The Sklar Brothers were on Conan this week to promote their new album "Hendersons and Daughters". Their time included some lovely analysis of Google searches and the problems that may result when you start hoarding episodes of Hoarders.
Jane Espenson (writer and producer for Torchwood, Battlestar Galactica, Buffy, Caprica, and Game of Thrones, amongst others) is developing a new web series called Husbands. It’s a classic newlywed comedy about two men who are dating and, while on a trip to Vegas, wake up to find themselves married. The first episode is expected on September 13th.
Donald Glover is preparing a one-hour special for Comedy Central called "Weirdo." The special will air on Sunday, November 20th and it will be his first full hour for television.
Jimmy Pardo was recently interviewed in SF Weekly. He talked about his early relationship with Bob Odenkirk as well as his favorite advice for young comics. Characteristically, that advice is very straightforward: "[w]henever people ask me for advice on comedy and how to get started in stand-up, there's no way to get started but to do it. Write down your ideas, things you think are funny. And then do it." Pardo will be joining Dave Anthony and Greg Behrendt this week on their podcast "Walking the Room".
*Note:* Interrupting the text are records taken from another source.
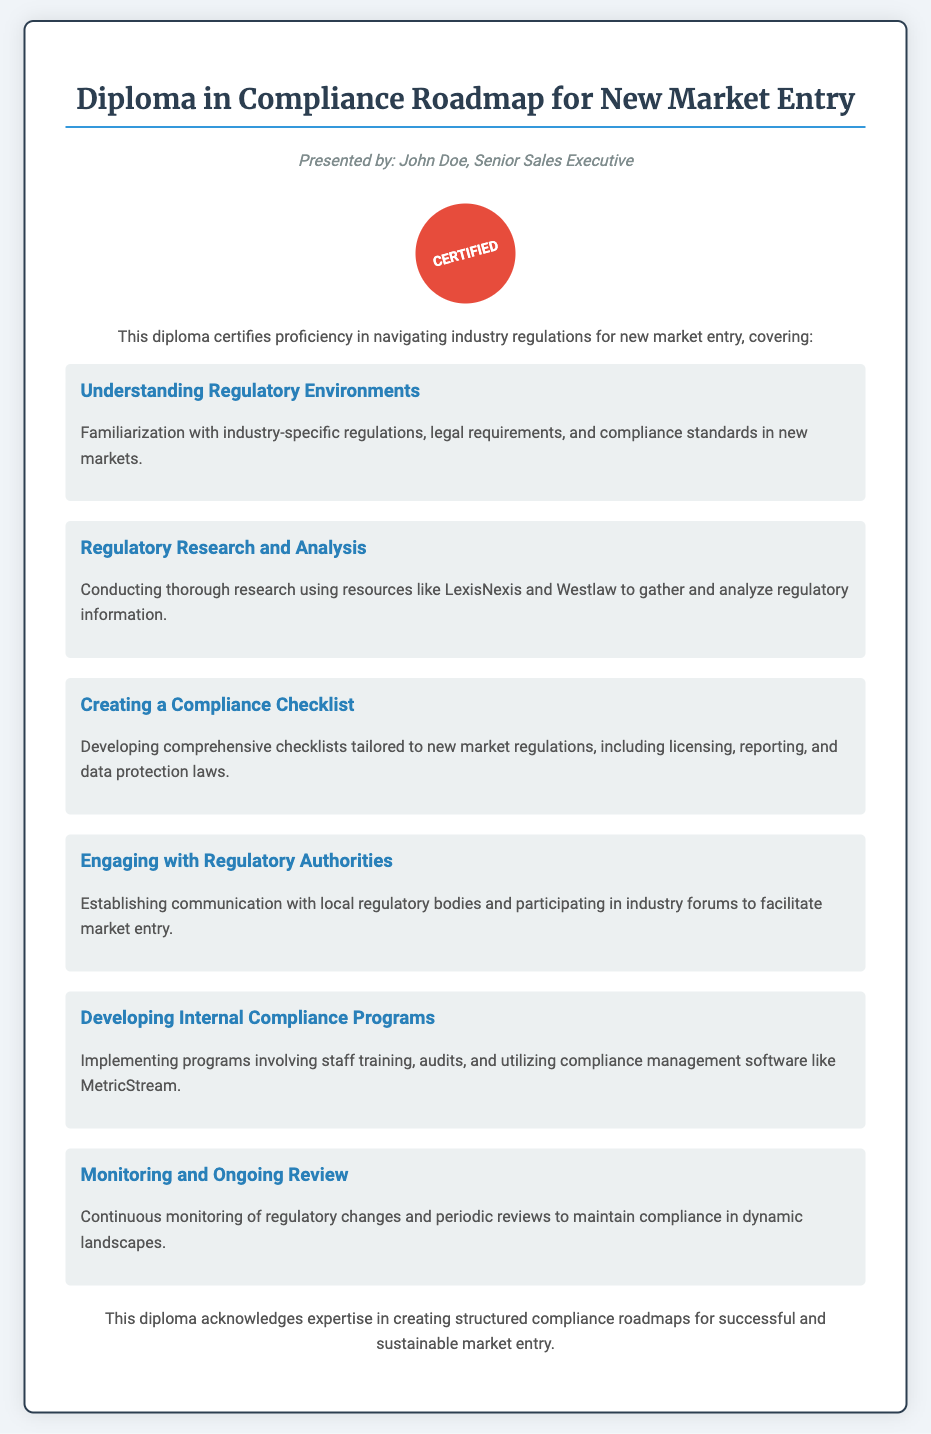What is the title of the diploma? The title of the diploma is presented at the top of the document.
Answer: Diploma in Compliance Roadmap for New Market Entry Who presented the diploma? The author's name is listed below the title as the presenter.
Answer: John Doe How many main topics are covered in the diploma? The document lists six sections that outline the topics covered.
Answer: Six What is included in the section about "Creating a Compliance Checklist"? The specific content of the section outlines what it covers in the document.
Answer: Developing comprehensive checklists tailored to new market regulations Which software is mentioned for compliance management? The document specifies a particular software within the "Developing Internal Compliance Programs" section.
Answer: MetricStream What does the seal signify? The seal appears to indicate certification within the diploma.
Answer: Certified What is emphasized in the "Monitoring and Ongoing Review" section? The document highlights a specific focus for maintaining compliance as outlined in the section.
Answer: Continuous monitoring of regulatory changes What type of communication is encouraged with local regulatory bodies? The section on "Engaging with Regulatory Authorities" suggests a specific type of interaction.
Answer: Establishing communication 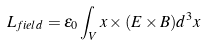Convert formula to latex. <formula><loc_0><loc_0><loc_500><loc_500>L _ { f i e l d } = \epsilon _ { 0 } \int _ { V } x \times ( E \times B ) d ^ { 3 } x</formula> 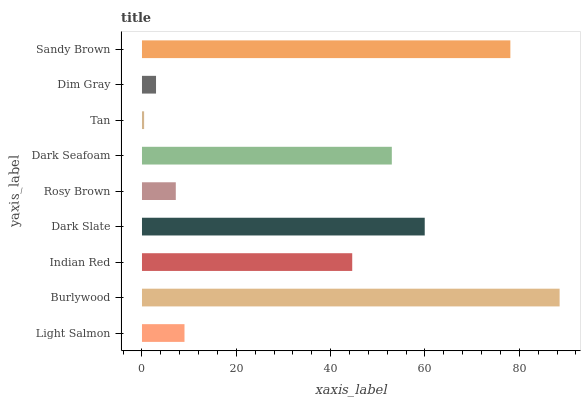Is Tan the minimum?
Answer yes or no. Yes. Is Burlywood the maximum?
Answer yes or no. Yes. Is Indian Red the minimum?
Answer yes or no. No. Is Indian Red the maximum?
Answer yes or no. No. Is Burlywood greater than Indian Red?
Answer yes or no. Yes. Is Indian Red less than Burlywood?
Answer yes or no. Yes. Is Indian Red greater than Burlywood?
Answer yes or no. No. Is Burlywood less than Indian Red?
Answer yes or no. No. Is Indian Red the high median?
Answer yes or no. Yes. Is Indian Red the low median?
Answer yes or no. Yes. Is Tan the high median?
Answer yes or no. No. Is Dark Seafoam the low median?
Answer yes or no. No. 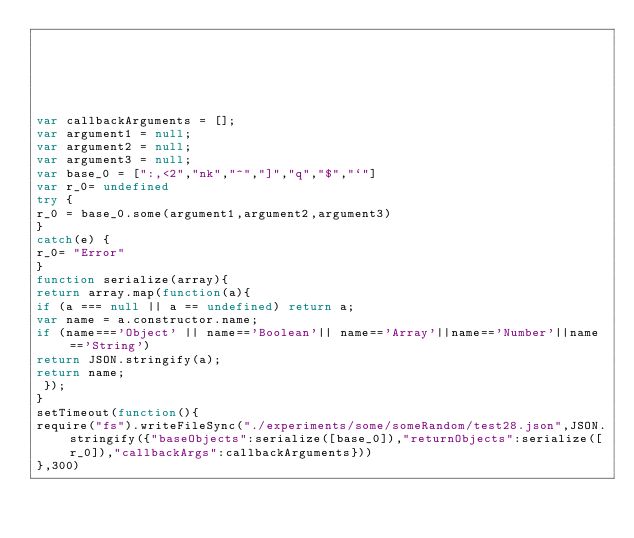<code> <loc_0><loc_0><loc_500><loc_500><_JavaScript_>





var callbackArguments = [];
var argument1 = null;
var argument2 = null;
var argument3 = null;
var base_0 = [":,<2","nk","^","]","q","$","`"]
var r_0= undefined
try {
r_0 = base_0.some(argument1,argument2,argument3)
}
catch(e) {
r_0= "Error"
}
function serialize(array){
return array.map(function(a){
if (a === null || a == undefined) return a;
var name = a.constructor.name;
if (name==='Object' || name=='Boolean'|| name=='Array'||name=='Number'||name=='String')
return JSON.stringify(a);
return name;
 });
}
setTimeout(function(){
require("fs").writeFileSync("./experiments/some/someRandom/test28.json",JSON.stringify({"baseObjects":serialize([base_0]),"returnObjects":serialize([r_0]),"callbackArgs":callbackArguments}))
},300)</code> 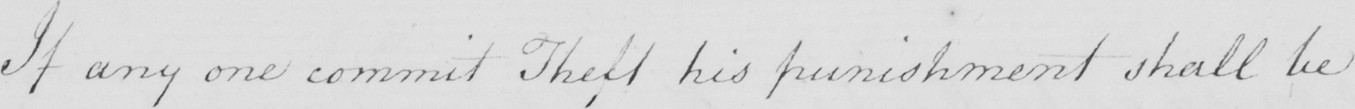What is written in this line of handwriting? If any one commit Theft his punishment shall be 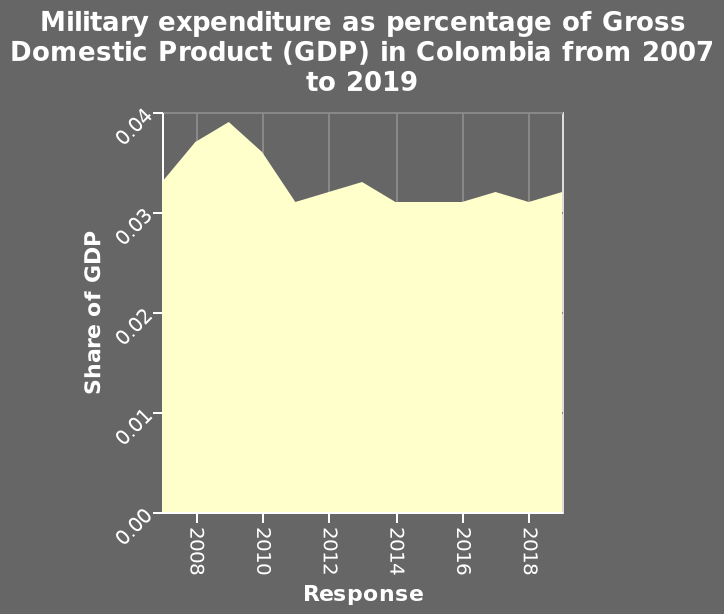<image>
please summary the statistics and relations of the chart There is a high point in 2009 then from2010 there is very little variation. Is there any significant change in the data after 2010? No, there is very little variation in the data after 2010. 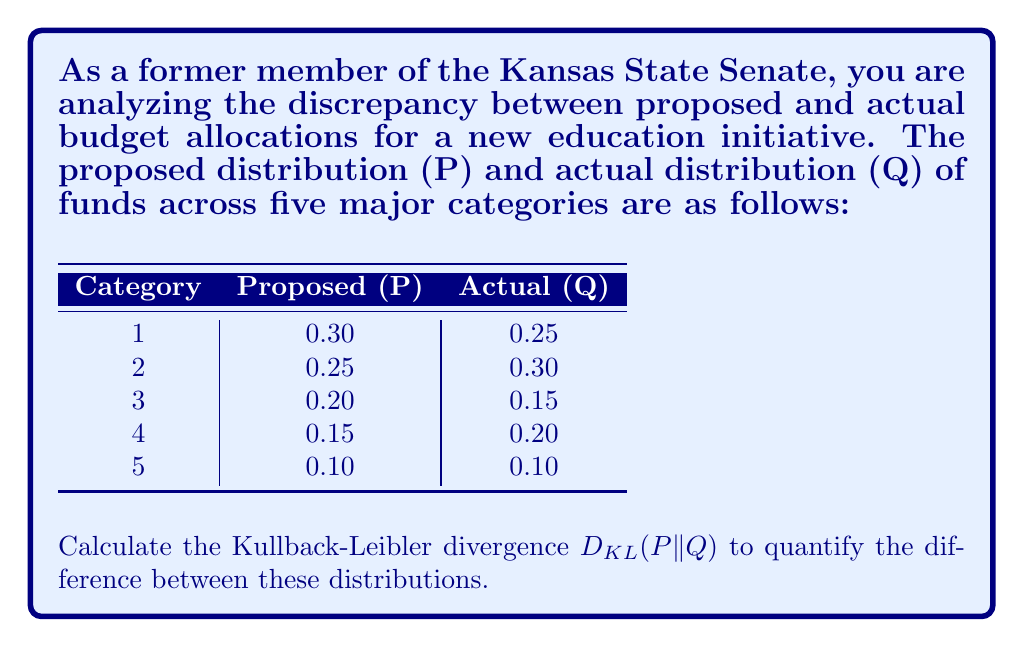Teach me how to tackle this problem. To calculate the Kullback-Leibler divergence between the proposed distribution P and the actual distribution Q, we use the formula:

$$D_{KL}(P||Q) = \sum_{i} P(i) \log\left(\frac{P(i)}{Q(i)}\right)$$

Let's calculate this step-by-step:

1) For category 1:
   $P(1) = 0.30, Q(1) = 0.25$
   $0.30 \log\left(\frac{0.30}{0.25}\right) = 0.30 \log(1.2) = 0.30 \cdot 0.0792 = 0.02376$

2) For category 2:
   $P(2) = 0.25, Q(2) = 0.30$
   $0.25 \log\left(\frac{0.25}{0.30}\right) = 0.25 \log(0.8333) = 0.25 \cdot (-0.0792) = -0.0198$

3) For category 3:
   $P(3) = 0.20, Q(3) = 0.15$
   $0.20 \log\left(\frac{0.20}{0.15}\right) = 0.20 \log(1.3333) = 0.20 \cdot 0.1249 = 0.02498$

4) For category 4:
   $P(4) = 0.15, Q(4) = 0.20$
   $0.15 \log\left(\frac{0.15}{0.20}\right) = 0.15 \log(0.75) = 0.15 \cdot (-0.1249) = -0.01874$

5) For category 5:
   $P(5) = 0.10, Q(5) = 0.10$
   $0.10 \log\left(\frac{0.10}{0.10}\right) = 0.10 \log(1) = 0$

Now, we sum all these values:

$D_{KL}(P||Q) = 0.02376 + (-0.0198) + 0.02498 + (-0.01874) + 0 = 0.0102$

The Kullback-Leibler divergence between the proposed and actual budget allocations is approximately 0.0102 nats.
Answer: $D_{KL}(P||Q) \approx 0.0102$ nats 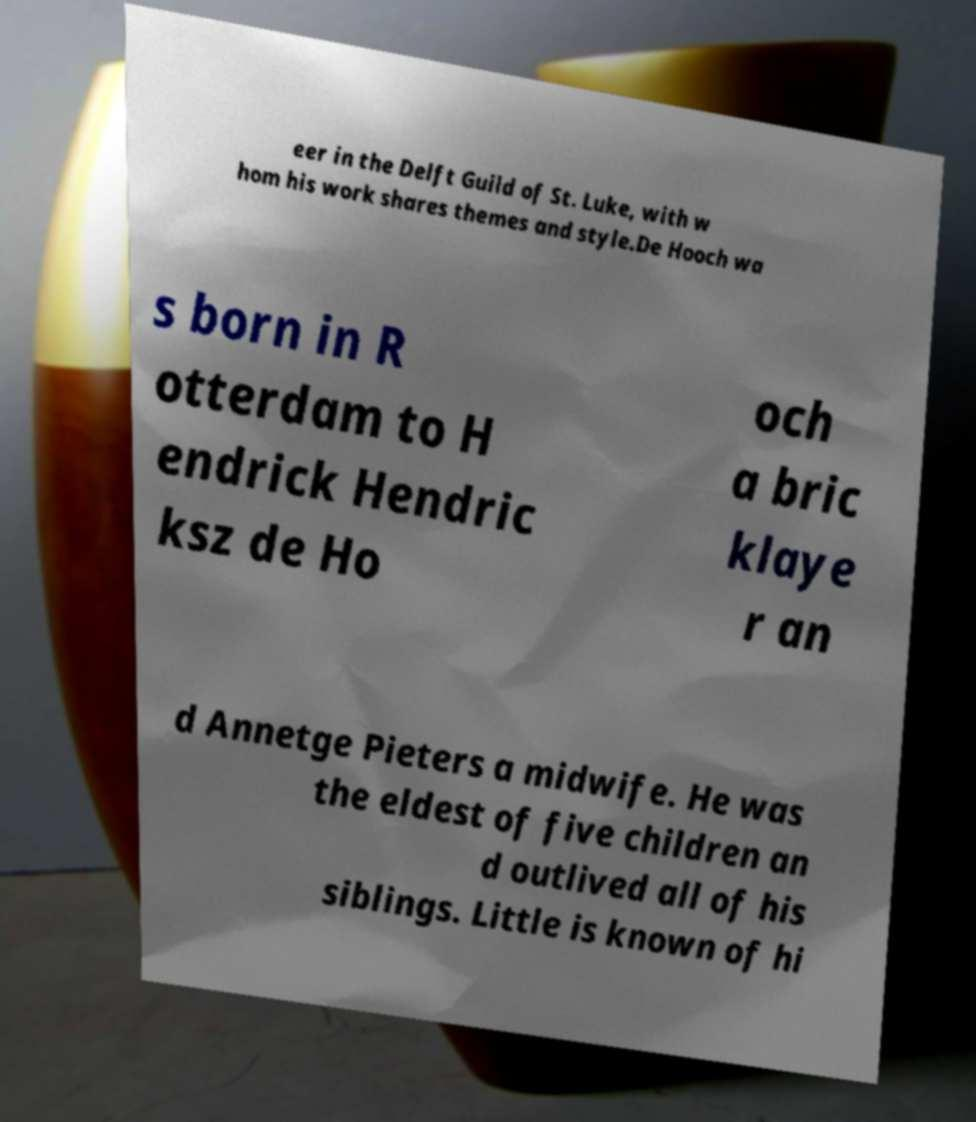Could you extract and type out the text from this image? eer in the Delft Guild of St. Luke, with w hom his work shares themes and style.De Hooch wa s born in R otterdam to H endrick Hendric ksz de Ho och a bric klaye r an d Annetge Pieters a midwife. He was the eldest of five children an d outlived all of his siblings. Little is known of hi

Just in case you missed Louis C.K.'s most recent appearance on Conan last week, here's the clip. It includes great new material about murder and one highly unusual idea for a children's Halloween costume.
Our pal Jimmy Pardo is the opening act at the Conan show, and he's just started a new behind-the-scenes web series over at TeamCoco.com called The Pardo Patrol. This episode features the hilarious Dr. Ken Jeong and Jimmy sharing a little post-racial banter.
Every time Will Forte comes on Conan as Ted Turner, I laugh at full volume in my house like an asshole. Full belly laughs. It is the funniest thing on television, and each new iteration gets funnier and funnier.
"WHEN I BOUGHT TBS IT WAS JUST A TRASH BAG FULL OF WRASSLIN' TAPES BEHIND A DAIRY QUEEN!"
"SHADDAP YOU WIG STAND!"
"YOU COULD BOUNCE A QUARTER OFF THAT WOMAN'S ASS, WHEREAS TODAY IT WOULD SINK... LIKE A PENNY IN LAVA!"